Rückblenden. Traumbilder. Hin und Her. Ein Wechselspiel zwischen Zeiten und Erinnerungen, zwischen Erlebtem und Ausgedachten. Das Ausgedachte legt den Mantel um unterdrückte Wahrheiten, die so tief sitzen in einem oder in ihrem selbst. Das spürt sie und danach sucht sie. Amalia oder Delia. Auch hier unterdrückt sie Buchstaben, bekennt sich nicht zu ihrer Identität, so lange sie nicht diesen Abgrund für sich aufgedeckt hat. Diese Figur ist so vielschichtig wie diese Schauspielerin hergibt und das ist eine ganze Menge. Es ist freilich auch ein Film über die italienische Landschaft und Urbanität in Neapel, vor allem eine Elegie auf die Schönheit der Frau und die Inakzeptanz sowie Borniertheit der Männer. Machohafte Strukturen sind so lächerlich und so wirken sie auch. Die Pädophilie wird nur dezent angeschnitten, nicht ausgestellt und das macht sie so real.
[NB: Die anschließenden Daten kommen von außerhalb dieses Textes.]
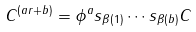<formula> <loc_0><loc_0><loc_500><loc_500>C ^ { ( a r + b ) } = \phi ^ { a } s _ { \beta ( 1 ) } \cdots s _ { \beta ( b ) } C</formula>

Nimm ihn in den Mund, Kleine! Das kann jeder sagen und das kann jeder machen. Die Kinder wissen natürlich nicht damit umzugehen. Das eigentliche Thema ist jedoch der falsche – also sicher unbewusst falsche Umgang damit, weil man sich in nicht intakten Beziehungen befindet. Das zeichnet Martone wunderbar. Delia spielt diesen Zwiespalt völlig unprätentiös, völlig abseits jeden Klischees. (T.O.)

Quellen und Verweise: 

L‘amore molesto, Regie: Mario Martone, 35mm, Lausanne: Cinémathèque suisse 14.04.2012; (Orig. IT 1995).